Forgiven, Luke 7:36-50

If you've been here over the last couple of weeks you will know that I’ve been speaking on this topic of ordinary to extraordinary. The thing is that as Christians we have encountered the extraordinary in encountering God, we have discovered that by God’s grace we can be released into a freedom that is extraordinary.

The scripture passage this week came from the gospel of Luke and it tells this story about Jesus going to a blokes place for dinner. The bloke happened to be a Pharisee. The Pharisees were a group of blokes who had set themselves apart from the rest of the Jewish people, it is thought the name Pharisee means something like ‘set apart ones’ . They were a fairly legalistic group who thought they were a cut above the rest of the Jewish people. In his ministry Jesus had quite a bit to do with them. They generally didn't like the way this young Rabbi went about doing things and they let him know, but in return he let them know that they weren't as wonderful as they thought they were. The detailed Biblical events of the lead up to Easter tell the story.

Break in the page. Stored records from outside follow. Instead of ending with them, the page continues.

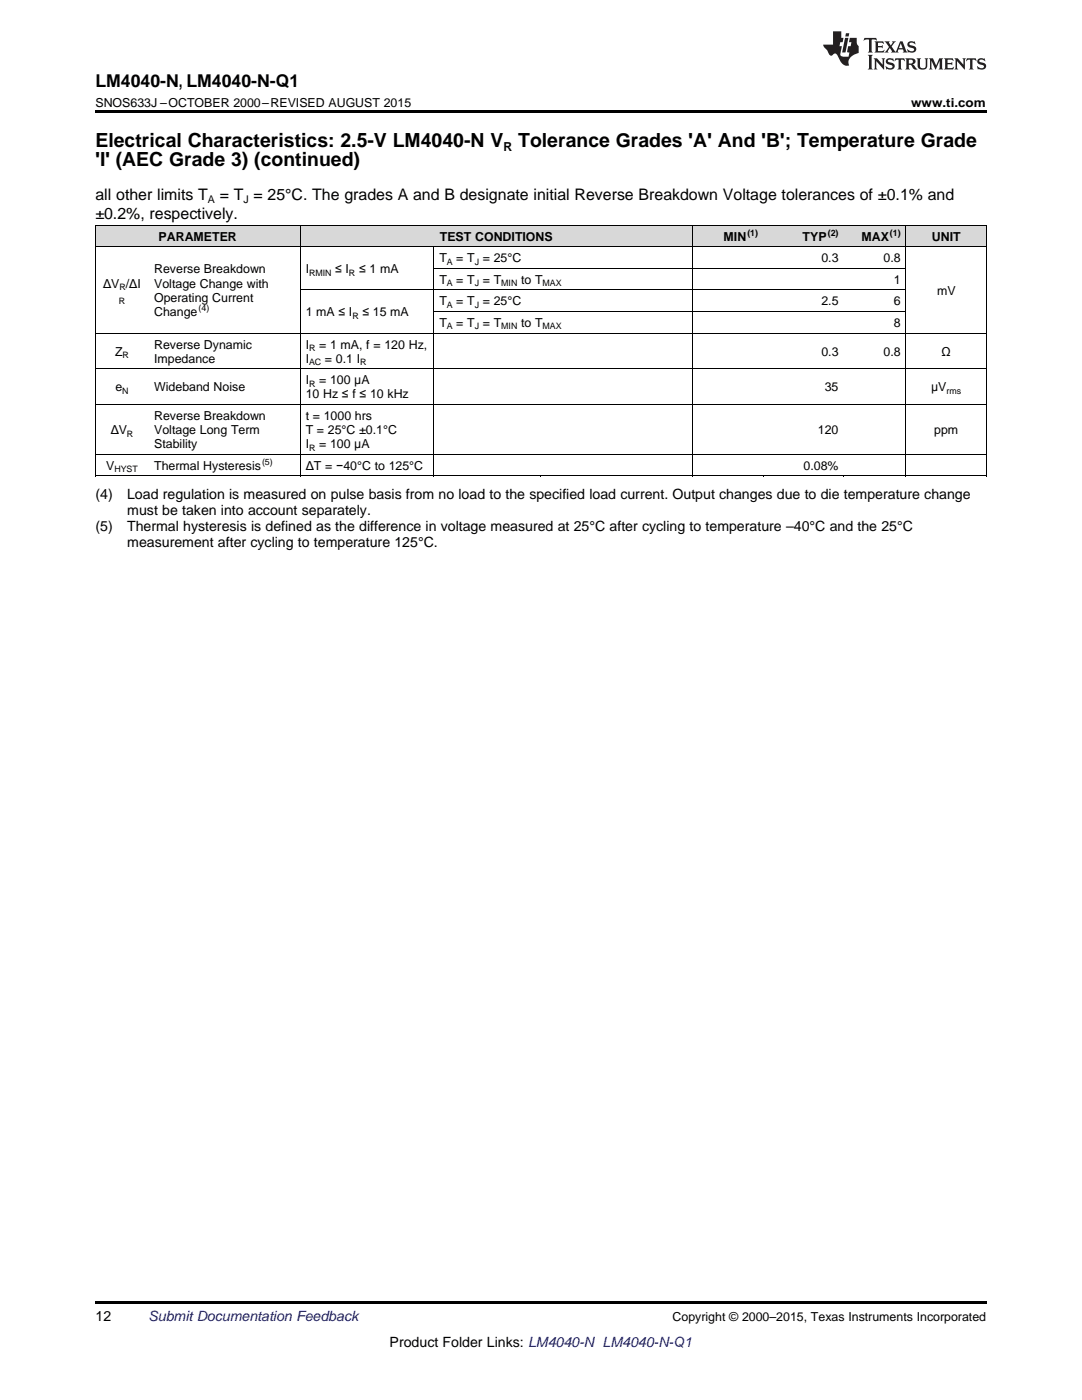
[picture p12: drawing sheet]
<svg xmlns="http://www.w3.org/2000/svg" width="216mm" height="279mm" viewBox="0 0 216 279" stroke-linecap="round" stroke-linejoin="round" font-family="sans-serif">
<defs><g id="words">
<g font-size="3.9">
<text x="19" y="29.3">Electrical Characteristics: 2.5-V LM4040-N V</text>
<text x="103.4" y="29.3">Tolerance Grades 'A' And 'B'; Temperature Grade</text>
<text x="19" y="33.2">'I' (AEC Grade 3) (continued)</text>
</g>
<text font-size="3.5" x="19" y="17.3">LM4040-N, LM4040-N-Q1</text>
<g font-size="3.2">
<text x="19" y="39.9">all other limits T</text>
<text x="43.8" y="39.9">= T = 25°C. The grades A and B designate initial Reverse Breakdown Voltage tolerances of ±0.1% and</text>
<text x="19" y="43.7">±0.2%, respectively.</text>
</g>
<g font-size="2.8">
<text x="19" y="99.6">(4)</text>
<text x="25.4" y="99.6">Load regulation is measured on pulse basis from no load to the specified load current. Output changes due to die temperature change</text>
<text x="19" y="106">(5)</text>
<text x="25.4" y="106">Thermal hysteresis is defined as the difference in voltage measured at 25°C after cycling to temperature –40°C and the 25°C</text>
<text x="25.4" y="102.8">must be taken into account separately.</text>
<text x="25.4" y="109.1">measurement after cycling to temperature 125°C.</text>
<text x="19" y="263.6">12</text>
<text x="77.8" y="268.9">Product Folder Links: LM4040-N LM4040-N-Q1</text>
</g>
<text font-size="2.8" fill="#0000c8" x="29.6" y="263.6">Submit Documentation Feedback</text>
<g font-size="2.5">
<text x="19" y="21.4">SNOS633J –OCTOBER 2000–REVISED AUGUST 2015</text>
<text x="181.8" y="21.4">www.ti.com</text>
<text x="100.5" y="30.1">R</text>
<text x="31.6" y="48">PARAMETER</text>
<text x="87.7" y="52.4">T</text>
<text x="87.8" y="48">TEST CONDITIONS</text>
<text x="91.1" y="52.4">= T = 25°C</text>
<text x="144.4" y="48">MIN</text>
<text x="160.2" y="48">TYP</text>
<text x="163.9" y="52.4">0.3</text>
<text x="171.9" y="48">MAX</text>
<text x="176.3" y="52.4">0.8</text>
<text x="185.9" y="48">UNIT</text>
<text x="20.6" y="57.4">ΔV /ΔI</text>
<text x="30.8" y="54.6">Reverse Breakdown</text>
<text x="30.8" y="57.4">Voltage Change with</text>
<text x="61" y="54.5">I</text>
<text x="66.9" y="54.5">≤ I</text>
<text x="71.6" y="54.5">≤ 1 mA</text>
<text x="87.7" y="56.7">T</text>
<text x="91.1" y="56.7">= T = T</text>
<text x="104" y="56.7">to T</text>
<text x="178.4" y="56.7">1</text>
<text x="187" y="58.8">mV</text>
<text x="30.8" y="60.2">Operating Current</text>
<text x="30.8" y="63">Change</text>
<text x="61" y="63.1">1 mA ≤ I</text>
<text x="72.3" y="63.1">≤ 15 mA</text>
<text x="87.7" y="61">T</text>
<text x="87.7" y="65.3">T</text>
<text x="91.1" y="61">= T = 25°C</text>
<text x="91.1" y="65.3">= T = T</text>
<text x="104" y="65.3">to T</text>
<text x="163.9" y="61">2.5</text>
<text x="178.4" y="61">6</text>
<text x="178.4" y="65.3">8</text>
<text x="23" y="71">Z</text>
<text x="30.8" y="69.6">Reverse Dynamic</text>
<text x="61" y="69.6">I</text>
<text x="63.7" y="69.6">= 1 mA, f = 120 Hz,</text>
<text x="163.9" y="71">0.3</text>
<text x="176.3" y="71">0.8</text>
<text x="187.9" y="71">Ω</text>
<text x="30.8" y="72.4">Impedance</text>
<text x="61" y="72.4">I</text>
<text x="61" y="76.7">I</text>
<text x="63.7" y="76.7">= 100 μA</text>
<text x="64.8" y="72.4">= 0.1 I</text>
<text x="23" y="78.1">e</text>
<text x="30.8" y="78.1">Wideband Noise</text>
<text x="30.8" y="83.8">Reverse Breakdown</text>
<text x="61" y="79.5">10 Hz ≤ f ≤ 10 kHz</text>
<text x="61" y="83.8">t = 1000 hrs</text>
<text x="164.6" y="78.1">35</text>
<text x="185.8" y="78.1">μV</text>
<text x="22.1" y="86.6">ΔV</text>
<text x="30.8" y="86.6">Voltage Long Term</text>
<text x="30.8" y="89.5">Stability</text>
<text x="61" y="86.6">T = 25°C ±0.1°C</text>
<text x="61" y="89.5">I</text>
<text x="63.7" y="89.5">= 100 μA</text>
<text x="163.2" y="86.6">120</text>
<text x="186.4" y="86.6">ppm</text>
<text x="21.2" y="93.8">V</text>
<text x="30.8" y="93.8">Thermal Hysteresis</text>
<text x="61" y="93.8">ΔT = −40°C to 125°C</text>
<text x="160.3" y="93.8">0.08%</text>
<text x="134.2" y="263.6">Copyright © 2000–2015, Texas Instruments Incorporated</text>
</g>
<g font-size="2.1">
<text x="41.5" y="40.5">A</text>
<text x="48.6" y="40.5">J</text>
</g>
<g font-size="1.8">
<text x="149.1" y="47.1">(1)</text>
<text x="165.2" y="47.1">(2)</text>
<text x="177.6" y="47.1">(1)</text>
<text x="89.1" y="52.8">A</text>
<text x="94.7" y="52.8">J</text>
<text x="23.8" y="57.9">R</text>
<text x="61.7" y="55">RMIN</text>
<text x="69.6" y="55">R</text>
<text x="89.1" y="57.2">A</text>
<text x="94.7" y="57.2">J</text>
<text x="100" y="57.2">MIN</text>
<text x="108.3" y="57.2">MAX</text>
<text x="23.7" y="60.7">R</text>
<text x="39.6" y="62.1">(4)</text>
<text x="70.3" y="63.6">R</text>
<text x="89.1" y="61.5">A</text>
<text x="89.1" y="65.8">A</text>
<text x="94.7" y="61.5">J</text>
<text x="94.7" y="65.8">J</text>
<text x="100" y="65.8">MIN</text>
<text x="108.3" y="65.8">MAX</text>
<text x="24.4" y="71.5">R</text>
<text x="61.7" y="70.1">R</text>
<text x="61.7" y="72.9">AC</text>
<text x="61.7" y="77.2">R</text>
<text x="71.9" y="72.9">R</text>
<text x="24.4" y="78.6">N</text>
<text x="188.8" y="78.6">rms</text>
<text x="25.3" y="87.1">R</text>
<text x="61.7" y="90">R</text>
<text x="22.8" y="94.3">HYST</text>
<text x="52.3" y="92.8">(5)</text>
</g>
</g></defs>
<g fill="#d8d8d8">
<path d="M19 45h10.7v4.3h-10.7z"/>
<path d="M29.7 45h30.2v4.3h-30.2z"/>
<path d="M59.9 45h26.7v4.3h-26.7z"/>
<path d="M86.6 45h21.3v4.3h-21.3z"/>
<path d="M107.9 45h30.2v4.3h-30.2z"/>
<path d="M138.1 45h14.3v4.3h-14.3z"/>
<path d="M152.4 45h16v4.3h-16z"/>
<path d="M168.4 45h12.4v4.3h-12.4z"/>
<path d="M180.8 45h16v4.3h-16z"/>
</g>
<path d="M19 22h177.8v.5h-177.8zM19 95h.2zM59.8 95h.1zM86.5 95h.1zM107.8 95h.1zM138 95h.1zM152.3 95h.1zM168.3 95h.1zM180.7 95h.1zM196.7 95h.1zM19 259.7h177.8v.5h-177.8z" fill="#000"/>
<g fill="none" stroke="#000" stroke-width=".2">
<path d="M19 49.3h177.8M19 45h177.8M19.1 45v50M59.9 45v50M59.9 57.9h120.9M86.6 49.3v45.7M86.6 53.6h94.2M138.1 45v50M180.8 45v50M196.8 45v50M19 73.6h177.8M19 66.5h177.8"/>
<path d="M86.6 62.2h94.2M19 95h177.8M19 90.7h177.8M19 80.7h177.8"/>
</g>
<g fill="#231f20">
<path d="M172.5 7.6l-.1 .5 .4-.2h.6v.1v2.1l-.2 .4h.9l-.2-.4v-2.1l.1-.1h.5l.5 .2-.2-.5zM174.5 8.3l.2 .3v1.5l-.2 .4h1.8l.2-.6a1.04 1.04 0 0 1-1.3 .2v-.7h.6l.3 .2v-.6l-.3 .2h-.6v-.6l.8-.1 .4 .3-.2-.5zM176.5 8.3l.9 1.1-.9 1.1h.8l-.2-.2 .4-.7 .5 .7-.2 .2h1.5l-.2-.2 .2-.4h.9l.1 .4-.2 .2h1l-.3-.3-.7-1.9h-.5l-.9 2-.8-1 .9-1h-.8l.1 .3-.4 .5-.3-.6 .1-.2zM179.7 8.6l.4 1h-.7zM181.3 8.4a.63 .63 0 0 0-.2 .7 .63 .63 0 0 0 .6 .4l.6 .2 .1 .2a.75 .75 0 0 1-.7 .4 .75 .75 0 0 1-.6-.5l.1 .7 .1-.1a1.11 1.11 0 0 0 1.5-.6 1.13 1.13 0 0 0-1.2-.8l-.1-.4a1.04 1.04 0 0 1 1.2 .2l-.2-.5-.2 .1-.4-.2zM173.2 10.9l.2 .4v2.2l-.2 .4h1l-.3-.4v-2.2l.3-.4zM174.3 11.6l.3 .4v1.5l-.3 .4h.8l-.2-.4v-1.3l1.5 1.7v-1.9l.2-.4h-.7l.2 .4v.9l-1.1-1.3zM177 11.8a.62 .62 0 0 0-.2 .7 .62 .62 0 0 0 .6 .4l.6 .1 .1 .3a.76 .76 0 0 1-.7 .3 .76 .76 0 0 1-.7-.4l.2 .7 .1-.1a1.11 1.11 0 0 0 1.5-.6 1.13 1.13 0 0 0-1.2-.8l-.1-.4a1.04 1.04 0 0 1 1.2 .2l-.2-.6-.2 .1-.5-.1zM178.7 11.6l-.2 .6a.61 .61 0 0 1 .8-.3v1.6l-.2 .4h.9l-.2-.4v-1.6a.63 .63 0 0 1 .7 .3l-.1-.6zM180.6 11.6l.3 .4v1.5l-.3 .4h1l-.2-.2-.1-.8 .6 .2a.76 .76 0 0 0 1.2 .7l-1-1a.58 .58 0 0 0 .6-.5 .58 .58 0 0 0-.5-.6zM181.4 11.9h.1a.45 .45 0 0 1 .5 .1 .45 .45 0 0 1 .1 .5l-.8 .2zM182.9 11.6l.2 .2a2.17 2.17 0 0 0 .3 1.9 .99 .99 0 0 0 1.6-.6v-1.1l.2-.4h-.7l.2 .2a1.92 1.92 0 0 1-.2 1.8 .6 .6 0 0 1-.9-.5v-1.1l.2-.4zM185.4 11.6l.2 .4v1.5l-.2 .4h.7l-.2-.4v-1.4l.8 1.8 .8-1.8v1.4l-.2 .4h.9l-.2-.4v-1.5l.2-.4h-.8l-.6 1.5-.6-1.5zM188.4 11.6l.2 .4v1.5l-.2 .4h1.8l.1-.6a1.04 1.04 0 0 1-1.2 .1v-.6h.5l.4 .2v-.6l-.4 .2h-.5v-.7h.8l.3 .3-.1-.6zM190.5 11.6l.2 .4v1.5l-.2 .4h.7l-.2-.4v-1.3l1.5 1.7v-1.9l.2-.4h-.7l.2 .4v.9l-1.1-1.3zM192.9 11.6l-.1 .6a.61 .61 0 0 1 .7-.3l.1 1.6-.3 .4h1l-.3-.4 .1-1.6a.63 .63 0 0 1 .7 .3l-.1-.6zM195.2 11.8a.62 .62 0 0 0-.2 .7 .62 .62 0 0 0 .6 .4l.6 .1 .1 .3a.76 .76 0 0 1-.7 .3 .76 .76 0 0 1-.6-.4l.1 .7 .1-.1a1.11 1.11 0 0 0 1.6-.6 1.13 1.13 0 0 0-1.3-.8l-.1-.4a1.04 1.04 0 0 1 1.2 .2l-.1-.6-.2 .1-.5-.1z"/>
<path d="M166.2 6.3v2.6h-1.9v.4l.8 .9a.91 .91 0 0 0 1 .8 .56 .56 0 0 1 .5-.3 .56 .56 0 0 1 .5 .3l.4 .8a1.53 1.53 0 0 0 1.9 1.2 1.54 1.54 0 0 1 1-2.1l.9-.3v-1.4a1.52 1.52 0 0 1-.4-1.6h-1.3l-.2 .8h.5l-.2 .8h-.5l-.1 1v.2l.4 .1-.2 .8a1.93 1.93 0 0 1-1.6-.3l.3-1.8h-.5l.2-.8h.4l.2-.8h-.4v-1.3zM168.6 7.6l-.6 2.9h.7l.6-2.9zM168.8 6.6l-.1 .7h.6l.2-.7z"/>
</g>
<use href="#words"/>
</svg>

So from the Bible reading, here’s Jesus over at this Pharisee blokes place for a meal. Back in the day the house would have been an open sort of a place and those there would have been reclined at the table. Part way though the meal a woman approaches Jesus, we read that she had lived a sinful life. Now there’s a lot of debate about what her sins were, some say she was a prostitute, some say she was Mary Magdalene, she may have collaborated with the occupation force - the Romans, her hair was down and for a married woman that was sinful in public, or she may have been a gossip. She may have been a foreign woman; in the culture she may just have had a husband who was a sinful man. The truth is we really don’t know what her sins were.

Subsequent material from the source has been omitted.